Poeira e germes em ambientes climatizados são responsáveis por sintomas, como nariz entupido, crises alérgicas e constantes dores de cabeça.

Já ouviu falar em ‘síndrome do edifício doente? Essa expressão está relacionada quando mais de 20% dos funcionários de uma empresa apresentam sintomas específicos, como ressecamento da mucosa nasal, nariz entupido, lacrimejamento, coceira nos olhos ou na pele, dores de cabeça e náuseas enquanto estão no ambiente de trabalho.

Isso significa que a qualidade do ar naquele espaço está comprometida, quase sempre, devido à falta de manutenção adequada dos aparelhos de ar-condicionado.

Esses sistemas, se não forem limpos com peridiocidade e da forma correta, se tornam o habitat ideal para a proliferação de bactérias, vírus e fungos que podem comprometer a saúde dos funcionários, caracterizando a ‘síndrome do edifício doente’.

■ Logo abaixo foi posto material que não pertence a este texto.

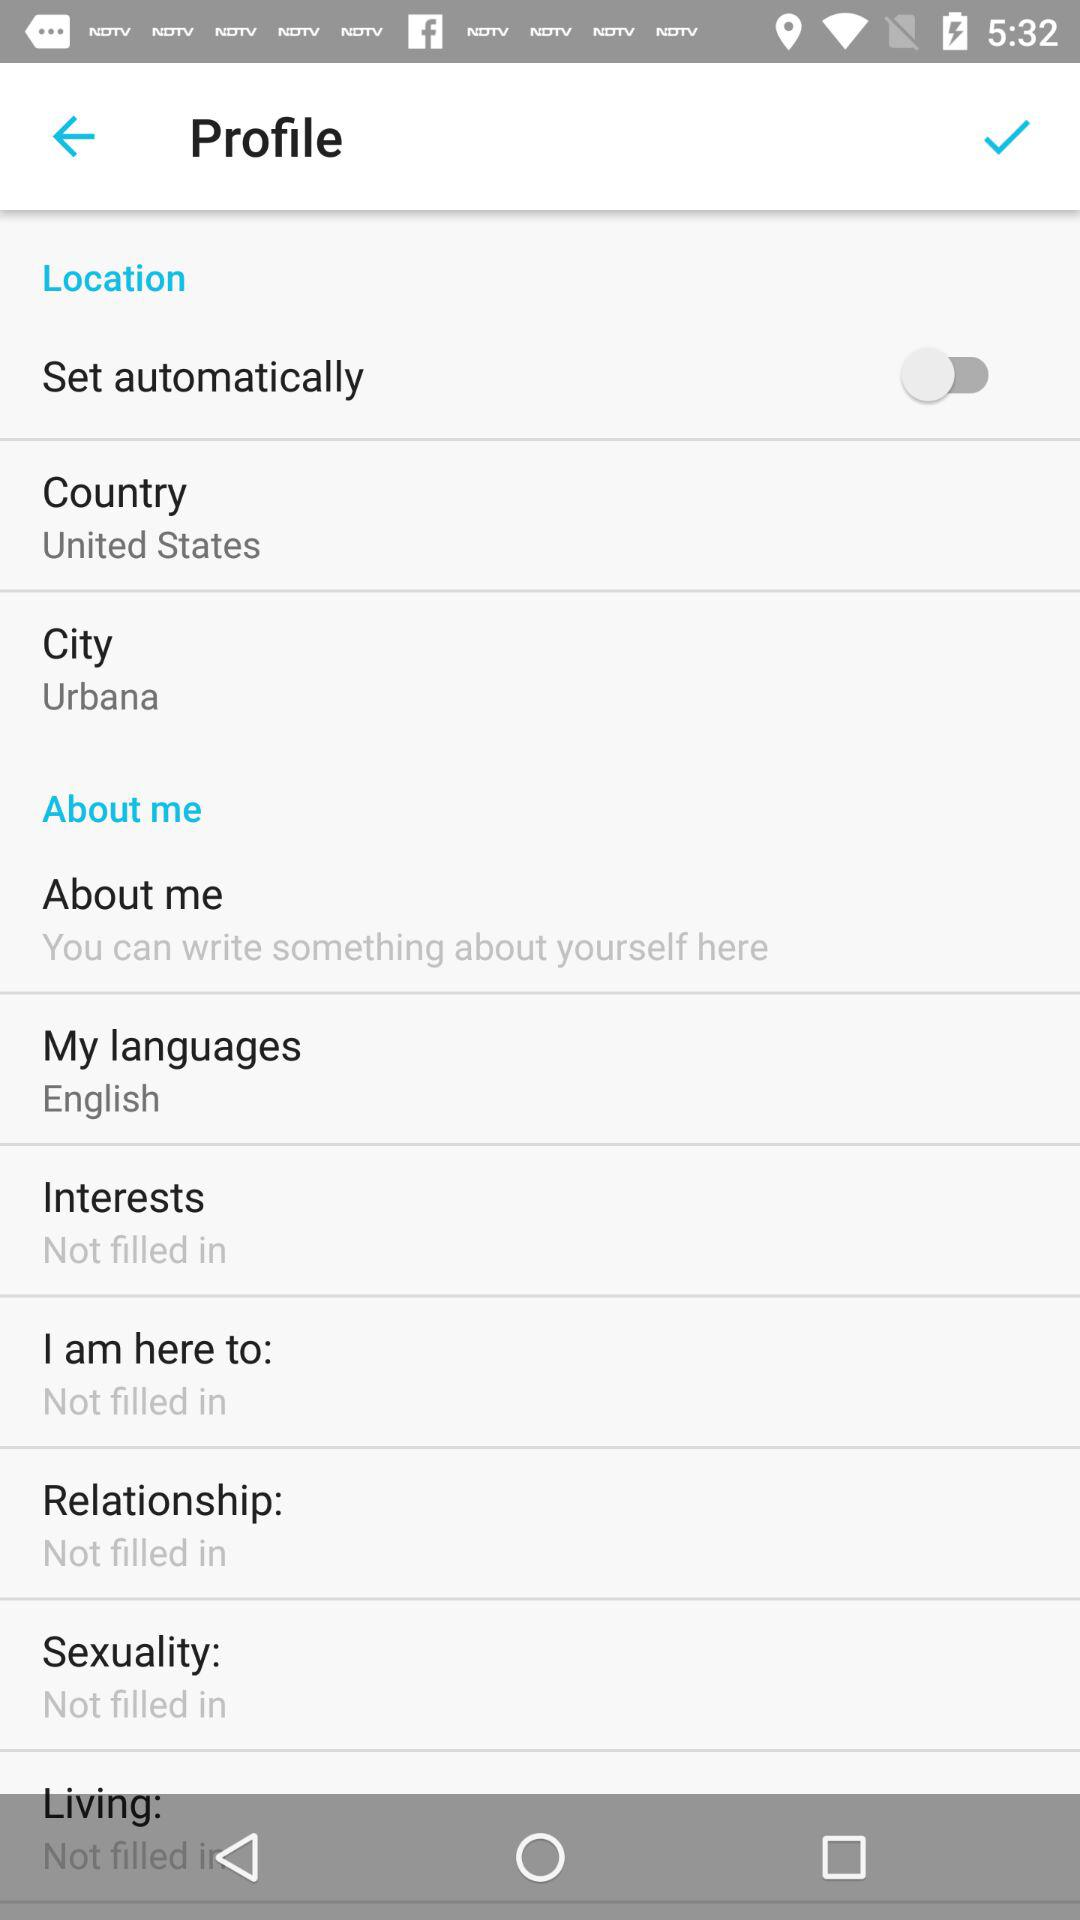Are "Interests" filled or not? "Interests" are not filled. 
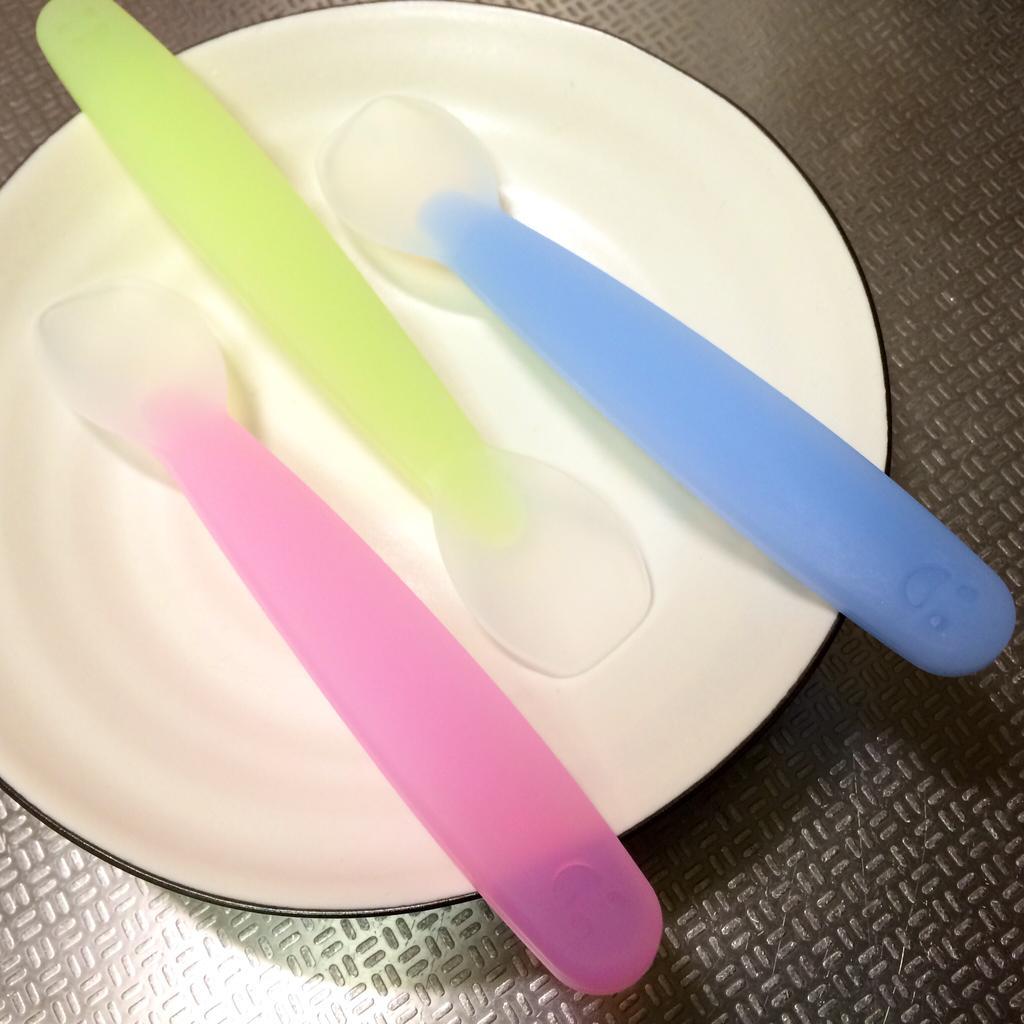How would you summarize this image in a sentence or two? In this picture there are three spoons placed on the the plate on the table.

O que enfatiza a ‘síndrome do edifício doente’ é que os sintomas costumam melhorar assim que o colaborador deixa o ambiente de trabalho, como afirma João Silvestre da Silva Júnior, diretor científico da APMT (Associação Paulista de Medicina do Trabalho) em entrevista ao portal de notícias G1: “Uma coisa muito comum nesses casos é que, na segunda-feira, a pessoa geralmente está melhor, mas na sexta-feira, está péssima. A fadiga é um sintoma encontrado com bastante frequência: não o cansaço normal, mas o cansaço do corpo tentando se defender de todas essas agressões.

Neste contexto, empresas e indústrias devem seguir as normas estabelecidas pela ANVISA (Agência Nacional de Vigilância Sanitária). A mesma prevê por meio da RE nº 9 de 16 de janeiro de 2003 que todos os espaços climatizados devem manter um plano de manutenção e controle dos sistemas de condicionamento de ar e determina a contagem de microorganismos nos ambientes.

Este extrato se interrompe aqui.